### [TASK INSTRUCTIONS]
Using the records below, copy every line that holds the string "values".

_ _ _ _ _ _ _

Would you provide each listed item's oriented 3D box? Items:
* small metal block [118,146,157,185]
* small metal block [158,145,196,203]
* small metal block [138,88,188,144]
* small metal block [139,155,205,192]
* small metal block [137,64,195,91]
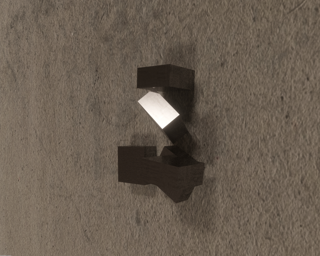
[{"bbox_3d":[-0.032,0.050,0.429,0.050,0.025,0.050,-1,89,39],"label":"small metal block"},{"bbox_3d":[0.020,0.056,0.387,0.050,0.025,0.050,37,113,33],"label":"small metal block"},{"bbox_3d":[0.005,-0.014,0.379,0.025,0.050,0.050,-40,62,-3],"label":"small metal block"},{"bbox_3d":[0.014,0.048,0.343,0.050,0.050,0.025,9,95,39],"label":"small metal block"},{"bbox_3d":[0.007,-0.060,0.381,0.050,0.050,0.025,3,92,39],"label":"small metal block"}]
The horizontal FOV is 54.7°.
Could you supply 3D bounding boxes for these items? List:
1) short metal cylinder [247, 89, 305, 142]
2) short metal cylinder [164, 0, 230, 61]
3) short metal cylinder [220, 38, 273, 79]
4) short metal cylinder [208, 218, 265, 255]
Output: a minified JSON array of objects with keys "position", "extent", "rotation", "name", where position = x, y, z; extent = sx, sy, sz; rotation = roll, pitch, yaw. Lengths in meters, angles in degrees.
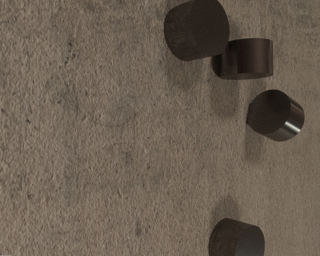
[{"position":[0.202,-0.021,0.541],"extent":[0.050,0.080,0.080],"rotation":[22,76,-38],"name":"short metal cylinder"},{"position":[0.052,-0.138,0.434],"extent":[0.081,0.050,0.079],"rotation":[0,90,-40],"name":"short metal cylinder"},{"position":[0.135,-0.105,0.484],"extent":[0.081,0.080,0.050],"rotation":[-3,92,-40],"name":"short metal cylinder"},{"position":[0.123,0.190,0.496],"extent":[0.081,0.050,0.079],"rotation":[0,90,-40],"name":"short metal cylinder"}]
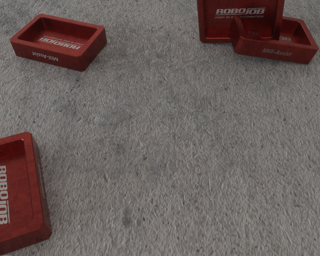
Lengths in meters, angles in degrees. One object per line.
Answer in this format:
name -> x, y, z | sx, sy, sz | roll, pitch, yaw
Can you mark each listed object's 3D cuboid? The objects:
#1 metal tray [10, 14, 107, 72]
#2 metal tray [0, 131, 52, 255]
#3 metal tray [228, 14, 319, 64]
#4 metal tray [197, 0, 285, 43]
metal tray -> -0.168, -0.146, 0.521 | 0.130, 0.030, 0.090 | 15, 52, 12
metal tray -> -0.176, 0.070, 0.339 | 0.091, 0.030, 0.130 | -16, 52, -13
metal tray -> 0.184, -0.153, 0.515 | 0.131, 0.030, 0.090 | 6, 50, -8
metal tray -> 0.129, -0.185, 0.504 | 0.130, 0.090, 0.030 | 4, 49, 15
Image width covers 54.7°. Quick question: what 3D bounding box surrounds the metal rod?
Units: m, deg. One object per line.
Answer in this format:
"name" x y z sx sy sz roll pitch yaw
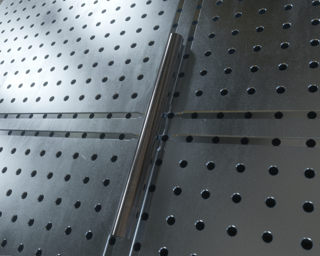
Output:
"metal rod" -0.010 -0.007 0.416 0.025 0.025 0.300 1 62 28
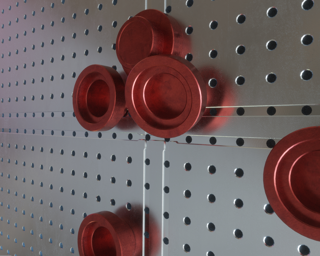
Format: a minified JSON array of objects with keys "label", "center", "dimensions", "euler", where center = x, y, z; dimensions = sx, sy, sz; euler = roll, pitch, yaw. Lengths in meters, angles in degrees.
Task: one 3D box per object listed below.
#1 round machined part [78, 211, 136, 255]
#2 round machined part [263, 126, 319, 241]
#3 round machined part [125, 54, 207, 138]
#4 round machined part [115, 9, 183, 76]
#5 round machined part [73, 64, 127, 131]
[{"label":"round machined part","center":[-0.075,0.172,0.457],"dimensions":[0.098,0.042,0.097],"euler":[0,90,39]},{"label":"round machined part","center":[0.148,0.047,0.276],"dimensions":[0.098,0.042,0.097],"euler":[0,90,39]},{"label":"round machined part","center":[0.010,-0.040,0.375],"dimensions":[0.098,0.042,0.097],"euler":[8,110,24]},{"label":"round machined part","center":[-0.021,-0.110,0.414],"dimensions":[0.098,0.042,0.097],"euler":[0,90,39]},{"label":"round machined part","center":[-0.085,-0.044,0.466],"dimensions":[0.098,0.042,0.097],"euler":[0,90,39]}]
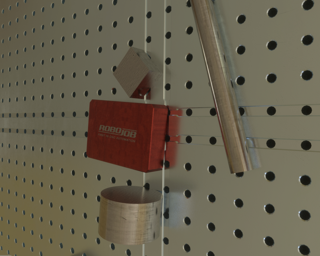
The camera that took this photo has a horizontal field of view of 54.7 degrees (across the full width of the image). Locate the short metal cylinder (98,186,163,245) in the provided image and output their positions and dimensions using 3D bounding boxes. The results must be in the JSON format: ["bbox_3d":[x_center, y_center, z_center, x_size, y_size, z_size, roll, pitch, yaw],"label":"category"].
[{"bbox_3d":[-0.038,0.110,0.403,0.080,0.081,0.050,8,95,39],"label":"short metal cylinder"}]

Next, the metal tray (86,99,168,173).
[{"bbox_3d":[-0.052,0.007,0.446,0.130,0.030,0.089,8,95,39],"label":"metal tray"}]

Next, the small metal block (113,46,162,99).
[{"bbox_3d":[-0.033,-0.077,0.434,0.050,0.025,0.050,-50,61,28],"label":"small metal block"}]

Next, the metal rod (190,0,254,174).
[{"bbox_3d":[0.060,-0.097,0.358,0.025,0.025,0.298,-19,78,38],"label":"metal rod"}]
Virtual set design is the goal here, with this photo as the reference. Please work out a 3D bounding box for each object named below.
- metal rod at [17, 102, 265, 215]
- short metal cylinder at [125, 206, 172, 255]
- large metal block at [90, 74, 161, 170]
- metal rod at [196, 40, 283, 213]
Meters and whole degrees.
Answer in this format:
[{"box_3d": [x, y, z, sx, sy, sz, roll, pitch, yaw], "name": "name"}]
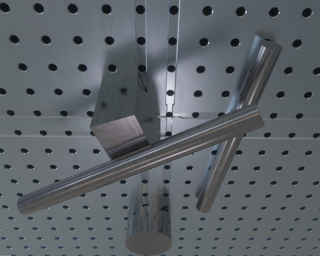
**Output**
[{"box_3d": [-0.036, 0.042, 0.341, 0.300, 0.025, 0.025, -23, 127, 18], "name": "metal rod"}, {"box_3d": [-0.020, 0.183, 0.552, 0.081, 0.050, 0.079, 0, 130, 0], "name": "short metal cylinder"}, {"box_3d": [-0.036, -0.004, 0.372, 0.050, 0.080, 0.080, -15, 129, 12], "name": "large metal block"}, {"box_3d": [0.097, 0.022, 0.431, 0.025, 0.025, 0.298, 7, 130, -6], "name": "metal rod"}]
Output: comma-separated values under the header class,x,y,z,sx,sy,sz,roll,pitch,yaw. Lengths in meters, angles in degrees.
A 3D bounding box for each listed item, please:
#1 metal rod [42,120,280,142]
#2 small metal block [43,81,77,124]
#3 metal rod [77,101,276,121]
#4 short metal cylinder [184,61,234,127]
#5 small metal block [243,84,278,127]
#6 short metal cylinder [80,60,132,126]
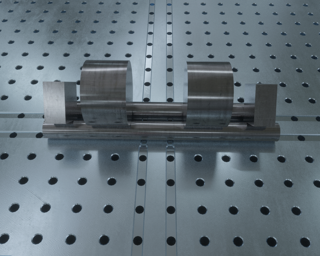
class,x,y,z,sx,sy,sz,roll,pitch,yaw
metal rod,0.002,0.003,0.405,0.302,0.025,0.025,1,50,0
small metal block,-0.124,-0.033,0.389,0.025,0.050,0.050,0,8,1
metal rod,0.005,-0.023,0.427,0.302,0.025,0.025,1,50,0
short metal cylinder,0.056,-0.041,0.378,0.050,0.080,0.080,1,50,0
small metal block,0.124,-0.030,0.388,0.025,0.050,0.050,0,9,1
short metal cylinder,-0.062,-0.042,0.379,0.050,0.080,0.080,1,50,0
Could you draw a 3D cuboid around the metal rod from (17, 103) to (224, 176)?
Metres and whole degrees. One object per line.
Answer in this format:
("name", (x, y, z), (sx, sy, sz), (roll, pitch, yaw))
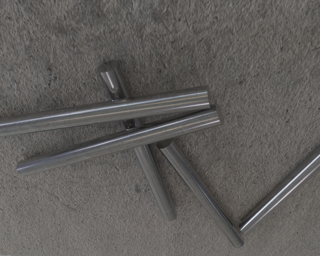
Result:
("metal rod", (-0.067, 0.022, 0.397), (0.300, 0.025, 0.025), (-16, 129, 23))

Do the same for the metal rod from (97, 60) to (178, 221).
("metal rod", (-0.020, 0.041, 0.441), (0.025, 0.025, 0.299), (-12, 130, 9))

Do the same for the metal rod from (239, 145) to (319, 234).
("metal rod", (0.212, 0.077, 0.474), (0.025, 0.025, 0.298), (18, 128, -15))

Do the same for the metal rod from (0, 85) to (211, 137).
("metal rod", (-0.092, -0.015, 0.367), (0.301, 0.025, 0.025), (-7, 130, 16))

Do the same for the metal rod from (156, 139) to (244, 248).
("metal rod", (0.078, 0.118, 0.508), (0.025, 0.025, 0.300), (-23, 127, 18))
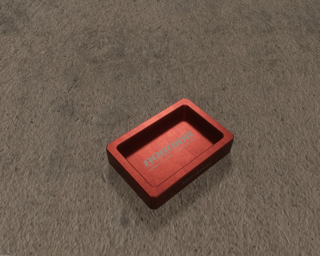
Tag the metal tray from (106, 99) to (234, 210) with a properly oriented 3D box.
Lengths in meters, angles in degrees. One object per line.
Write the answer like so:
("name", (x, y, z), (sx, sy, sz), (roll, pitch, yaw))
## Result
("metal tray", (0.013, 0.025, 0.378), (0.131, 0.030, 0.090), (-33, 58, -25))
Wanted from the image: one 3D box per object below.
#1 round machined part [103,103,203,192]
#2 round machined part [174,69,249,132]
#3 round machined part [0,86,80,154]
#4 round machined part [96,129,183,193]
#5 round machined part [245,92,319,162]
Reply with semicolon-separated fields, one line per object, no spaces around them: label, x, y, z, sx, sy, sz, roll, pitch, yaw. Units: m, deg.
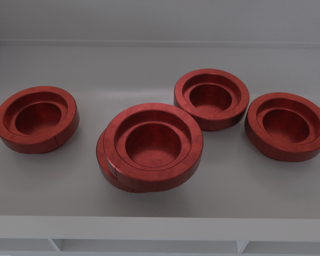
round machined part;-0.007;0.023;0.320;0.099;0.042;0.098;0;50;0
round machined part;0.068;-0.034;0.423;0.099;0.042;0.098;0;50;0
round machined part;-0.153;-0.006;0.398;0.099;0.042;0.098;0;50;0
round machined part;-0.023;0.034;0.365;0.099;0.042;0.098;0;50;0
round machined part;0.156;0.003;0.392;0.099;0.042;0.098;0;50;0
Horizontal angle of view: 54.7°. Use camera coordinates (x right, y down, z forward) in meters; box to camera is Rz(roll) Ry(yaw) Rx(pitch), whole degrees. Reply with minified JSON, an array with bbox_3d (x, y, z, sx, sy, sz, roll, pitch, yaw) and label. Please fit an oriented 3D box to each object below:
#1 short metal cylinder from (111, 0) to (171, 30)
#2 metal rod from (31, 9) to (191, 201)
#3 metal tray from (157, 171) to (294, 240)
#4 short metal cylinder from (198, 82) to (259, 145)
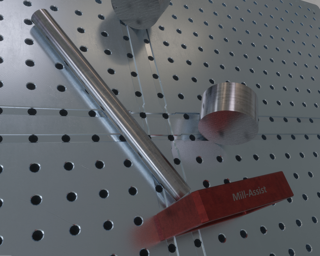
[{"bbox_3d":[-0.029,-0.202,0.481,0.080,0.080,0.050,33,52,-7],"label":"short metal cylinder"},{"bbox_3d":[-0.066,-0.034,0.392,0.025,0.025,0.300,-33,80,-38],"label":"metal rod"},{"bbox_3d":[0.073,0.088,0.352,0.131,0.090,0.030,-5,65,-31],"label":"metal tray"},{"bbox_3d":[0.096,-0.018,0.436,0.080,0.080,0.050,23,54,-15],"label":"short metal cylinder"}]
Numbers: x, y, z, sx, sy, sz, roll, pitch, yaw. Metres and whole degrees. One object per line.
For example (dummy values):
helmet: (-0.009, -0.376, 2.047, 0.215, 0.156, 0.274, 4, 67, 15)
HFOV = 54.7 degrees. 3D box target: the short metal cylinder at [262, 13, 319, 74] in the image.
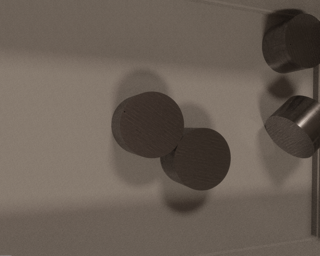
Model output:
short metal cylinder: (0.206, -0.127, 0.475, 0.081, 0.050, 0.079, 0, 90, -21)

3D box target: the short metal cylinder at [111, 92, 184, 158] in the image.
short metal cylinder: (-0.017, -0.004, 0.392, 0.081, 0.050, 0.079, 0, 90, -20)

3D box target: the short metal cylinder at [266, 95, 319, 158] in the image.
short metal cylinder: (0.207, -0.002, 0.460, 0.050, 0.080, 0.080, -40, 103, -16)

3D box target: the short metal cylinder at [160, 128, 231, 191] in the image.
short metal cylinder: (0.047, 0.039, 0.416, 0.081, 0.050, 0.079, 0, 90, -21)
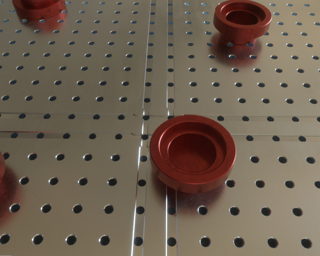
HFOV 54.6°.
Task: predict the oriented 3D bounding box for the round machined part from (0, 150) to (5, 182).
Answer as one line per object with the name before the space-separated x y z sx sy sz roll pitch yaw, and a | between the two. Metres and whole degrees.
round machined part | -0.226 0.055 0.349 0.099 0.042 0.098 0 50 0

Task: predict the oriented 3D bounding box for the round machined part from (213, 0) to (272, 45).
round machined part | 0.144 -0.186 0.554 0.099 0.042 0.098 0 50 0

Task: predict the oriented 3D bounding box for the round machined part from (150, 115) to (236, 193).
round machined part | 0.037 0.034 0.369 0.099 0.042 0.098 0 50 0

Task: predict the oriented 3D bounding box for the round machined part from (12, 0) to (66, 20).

_ _ _ _ _ _ _

### [REPLY]
Output: comma-separated values under the header class,x,y,z,sx,sy,sz,roll,pitch,yaw. Lengths in meters, angles in degrees.
For example (dummy values):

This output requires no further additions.